Instructions to follow: Scan the entries that follow for the word "prihvatljiva", then report every line in which it appears.

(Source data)
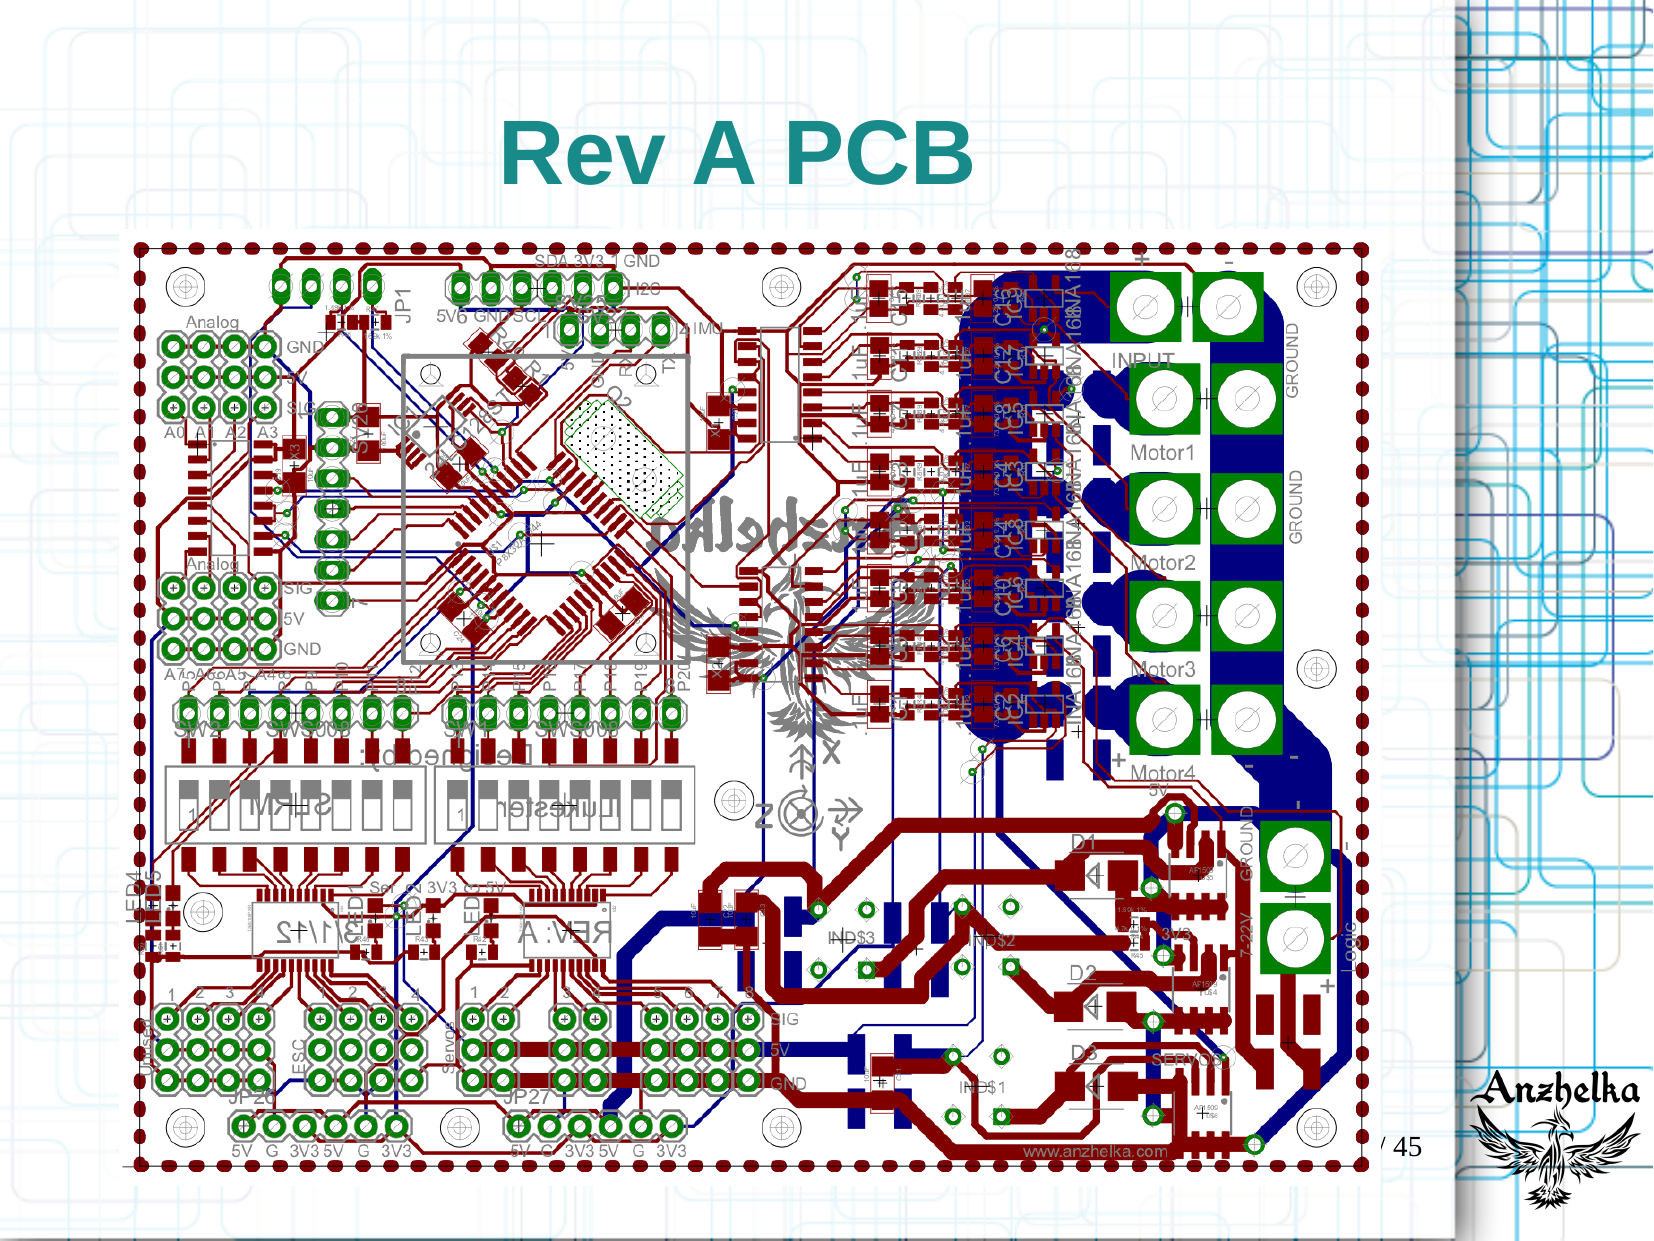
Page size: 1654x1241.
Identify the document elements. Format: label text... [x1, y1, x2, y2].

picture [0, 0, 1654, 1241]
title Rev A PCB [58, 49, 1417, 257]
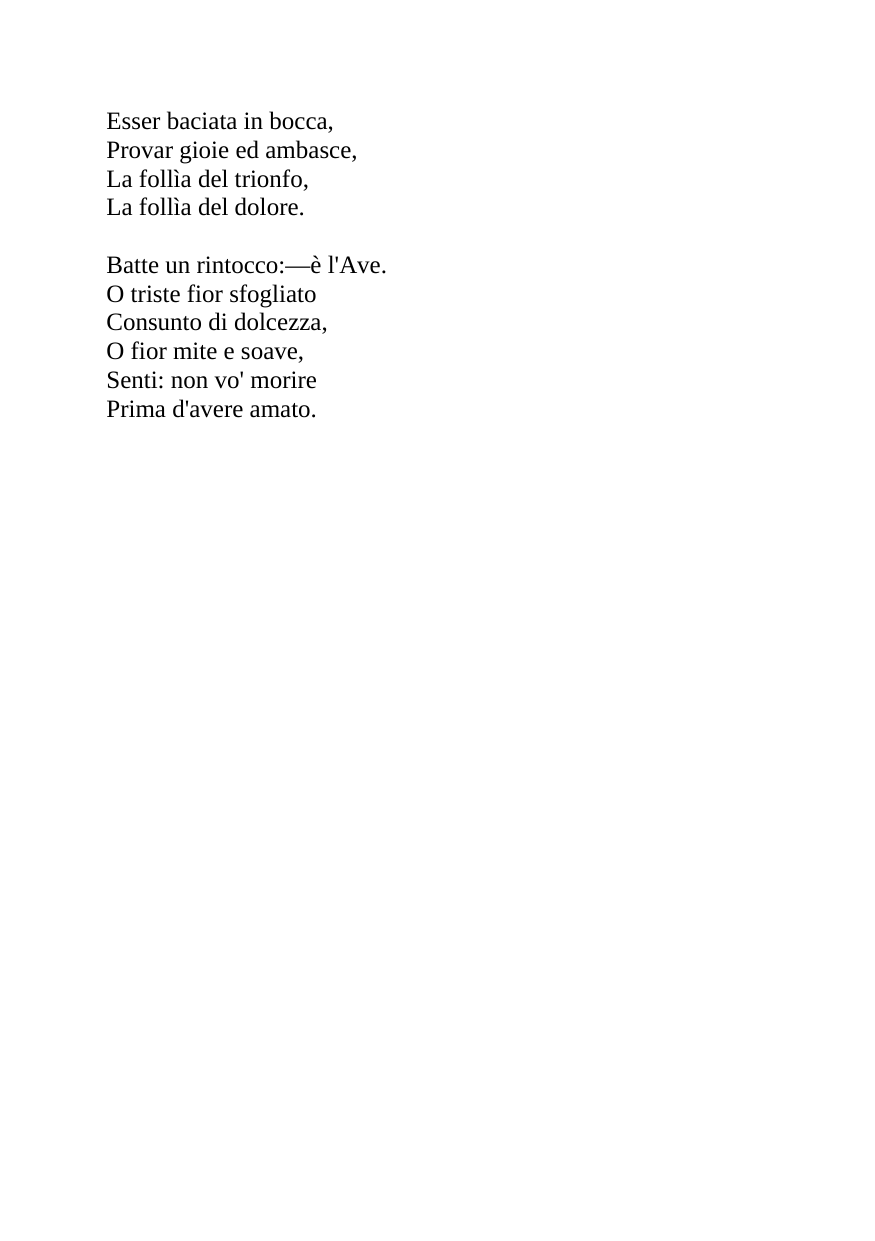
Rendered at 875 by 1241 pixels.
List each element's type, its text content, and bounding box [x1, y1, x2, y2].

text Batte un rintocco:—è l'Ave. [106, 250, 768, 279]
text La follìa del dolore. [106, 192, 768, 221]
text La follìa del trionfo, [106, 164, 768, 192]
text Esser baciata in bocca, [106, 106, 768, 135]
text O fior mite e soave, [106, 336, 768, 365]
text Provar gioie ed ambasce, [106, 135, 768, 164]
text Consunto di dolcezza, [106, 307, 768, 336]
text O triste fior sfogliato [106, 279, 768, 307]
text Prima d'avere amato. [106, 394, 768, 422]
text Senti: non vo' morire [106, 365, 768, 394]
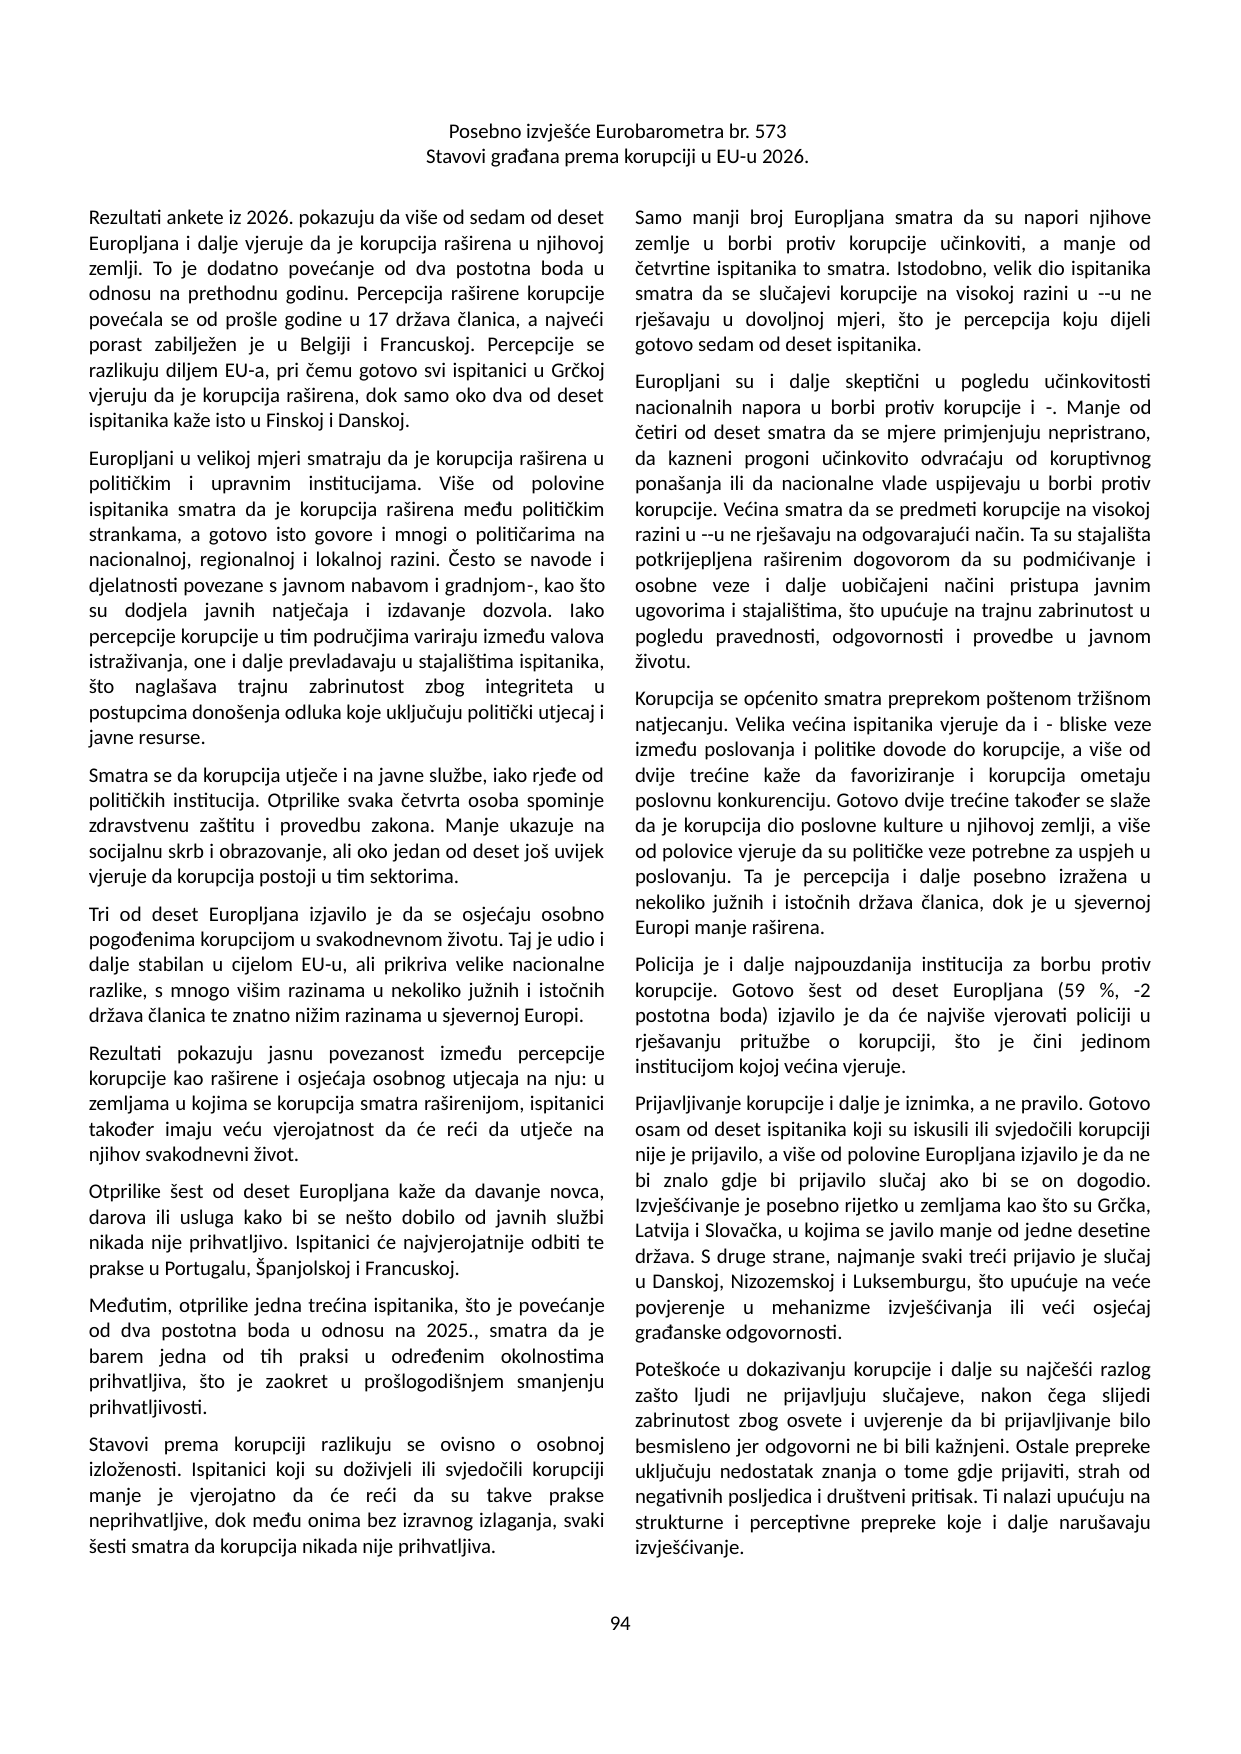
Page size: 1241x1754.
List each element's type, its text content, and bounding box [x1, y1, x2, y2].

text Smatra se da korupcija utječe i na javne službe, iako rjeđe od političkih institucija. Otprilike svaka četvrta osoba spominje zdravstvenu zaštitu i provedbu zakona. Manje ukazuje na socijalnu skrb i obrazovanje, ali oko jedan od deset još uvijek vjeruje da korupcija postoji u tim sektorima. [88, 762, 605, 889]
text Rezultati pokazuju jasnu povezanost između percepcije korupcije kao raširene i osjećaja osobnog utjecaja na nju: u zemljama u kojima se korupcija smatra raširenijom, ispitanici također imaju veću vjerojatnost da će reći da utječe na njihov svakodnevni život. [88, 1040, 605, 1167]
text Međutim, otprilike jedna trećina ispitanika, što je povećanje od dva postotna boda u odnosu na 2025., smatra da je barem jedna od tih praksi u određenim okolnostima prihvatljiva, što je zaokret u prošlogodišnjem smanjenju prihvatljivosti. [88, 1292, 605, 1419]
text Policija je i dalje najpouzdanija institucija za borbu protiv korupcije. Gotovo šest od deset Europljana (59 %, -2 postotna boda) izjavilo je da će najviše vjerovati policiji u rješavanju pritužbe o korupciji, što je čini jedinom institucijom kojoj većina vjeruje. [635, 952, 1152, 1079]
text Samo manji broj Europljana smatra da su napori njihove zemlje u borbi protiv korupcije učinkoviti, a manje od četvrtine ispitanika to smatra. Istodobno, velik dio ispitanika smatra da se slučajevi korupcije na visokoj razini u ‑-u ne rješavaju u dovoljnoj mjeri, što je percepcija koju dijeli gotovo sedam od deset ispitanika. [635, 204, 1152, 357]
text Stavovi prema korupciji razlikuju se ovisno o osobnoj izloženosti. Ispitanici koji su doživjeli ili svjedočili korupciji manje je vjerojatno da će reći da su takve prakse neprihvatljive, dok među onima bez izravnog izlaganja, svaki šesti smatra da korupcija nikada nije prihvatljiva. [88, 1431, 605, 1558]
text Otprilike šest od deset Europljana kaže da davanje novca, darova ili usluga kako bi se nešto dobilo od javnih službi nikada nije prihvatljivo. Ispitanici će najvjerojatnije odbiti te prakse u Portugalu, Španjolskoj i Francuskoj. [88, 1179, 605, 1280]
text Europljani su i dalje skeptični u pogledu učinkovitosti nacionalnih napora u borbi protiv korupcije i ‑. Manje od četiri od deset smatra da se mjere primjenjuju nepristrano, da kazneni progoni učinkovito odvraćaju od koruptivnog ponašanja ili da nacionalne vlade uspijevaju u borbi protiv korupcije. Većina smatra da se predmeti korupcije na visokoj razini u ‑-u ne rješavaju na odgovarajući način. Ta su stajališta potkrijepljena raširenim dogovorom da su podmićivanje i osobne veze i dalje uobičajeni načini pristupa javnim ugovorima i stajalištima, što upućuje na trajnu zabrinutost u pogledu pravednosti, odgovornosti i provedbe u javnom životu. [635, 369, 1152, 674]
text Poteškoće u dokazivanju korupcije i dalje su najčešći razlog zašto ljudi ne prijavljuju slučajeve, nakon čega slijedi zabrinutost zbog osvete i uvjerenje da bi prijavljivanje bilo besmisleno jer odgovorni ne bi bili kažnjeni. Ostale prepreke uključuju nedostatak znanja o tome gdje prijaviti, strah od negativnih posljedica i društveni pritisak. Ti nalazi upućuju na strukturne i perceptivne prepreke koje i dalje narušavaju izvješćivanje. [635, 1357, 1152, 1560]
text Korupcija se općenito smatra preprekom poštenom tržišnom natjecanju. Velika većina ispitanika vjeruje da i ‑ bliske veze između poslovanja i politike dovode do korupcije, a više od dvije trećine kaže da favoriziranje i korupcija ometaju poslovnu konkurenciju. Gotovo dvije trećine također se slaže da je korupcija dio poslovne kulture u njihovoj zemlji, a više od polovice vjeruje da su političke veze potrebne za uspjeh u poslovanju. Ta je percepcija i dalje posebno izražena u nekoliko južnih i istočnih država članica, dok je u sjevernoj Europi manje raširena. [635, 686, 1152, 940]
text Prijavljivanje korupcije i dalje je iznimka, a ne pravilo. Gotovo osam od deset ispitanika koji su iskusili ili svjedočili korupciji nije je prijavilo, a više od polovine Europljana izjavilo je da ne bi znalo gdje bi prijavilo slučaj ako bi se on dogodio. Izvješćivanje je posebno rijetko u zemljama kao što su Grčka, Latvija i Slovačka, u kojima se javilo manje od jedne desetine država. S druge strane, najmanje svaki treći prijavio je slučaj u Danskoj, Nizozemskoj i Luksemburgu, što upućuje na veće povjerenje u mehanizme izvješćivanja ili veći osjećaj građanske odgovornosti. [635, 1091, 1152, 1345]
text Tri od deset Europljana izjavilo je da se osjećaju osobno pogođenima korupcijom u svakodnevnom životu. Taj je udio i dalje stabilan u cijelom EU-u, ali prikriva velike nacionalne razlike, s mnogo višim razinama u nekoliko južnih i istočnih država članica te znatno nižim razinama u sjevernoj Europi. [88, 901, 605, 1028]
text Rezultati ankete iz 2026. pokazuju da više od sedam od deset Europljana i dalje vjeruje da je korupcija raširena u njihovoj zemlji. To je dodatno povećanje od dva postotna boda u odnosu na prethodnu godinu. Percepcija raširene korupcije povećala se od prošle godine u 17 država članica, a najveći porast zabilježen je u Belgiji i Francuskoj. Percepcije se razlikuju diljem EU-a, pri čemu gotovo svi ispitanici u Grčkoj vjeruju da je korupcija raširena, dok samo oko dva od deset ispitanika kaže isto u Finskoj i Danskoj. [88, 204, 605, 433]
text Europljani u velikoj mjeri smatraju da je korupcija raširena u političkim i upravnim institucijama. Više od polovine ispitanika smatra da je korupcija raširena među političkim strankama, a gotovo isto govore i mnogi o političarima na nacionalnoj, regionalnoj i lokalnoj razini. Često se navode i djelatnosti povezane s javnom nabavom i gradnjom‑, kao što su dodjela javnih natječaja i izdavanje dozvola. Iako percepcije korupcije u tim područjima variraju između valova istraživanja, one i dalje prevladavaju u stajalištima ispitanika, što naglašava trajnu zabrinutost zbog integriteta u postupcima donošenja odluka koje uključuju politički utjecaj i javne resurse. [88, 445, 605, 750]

Answer section:
text Međutim, otprilike jedna trećina ispitanika, što je povećanje od dva postotna boda u odnosu na 2025., smatra da je barem jedna od tih praksi u određenim okolnostima prihvatljiva, što je zaokret u prošlogodišnjem smanjenju prihvatljivosti. [88, 1292, 605, 1419]
text Stavovi prema korupciji razlikuju se ovisno o osobnoj izloženosti. Ispitanici koji su doživjeli ili svjedočili korupciji manje je vjerojatno da će reći da su takve prakse neprihvatljive, dok među onima bez izravnog izlaganja, svaki šesti smatra da korupcija nikada nije prihvatljiva. [88, 1431, 605, 1558]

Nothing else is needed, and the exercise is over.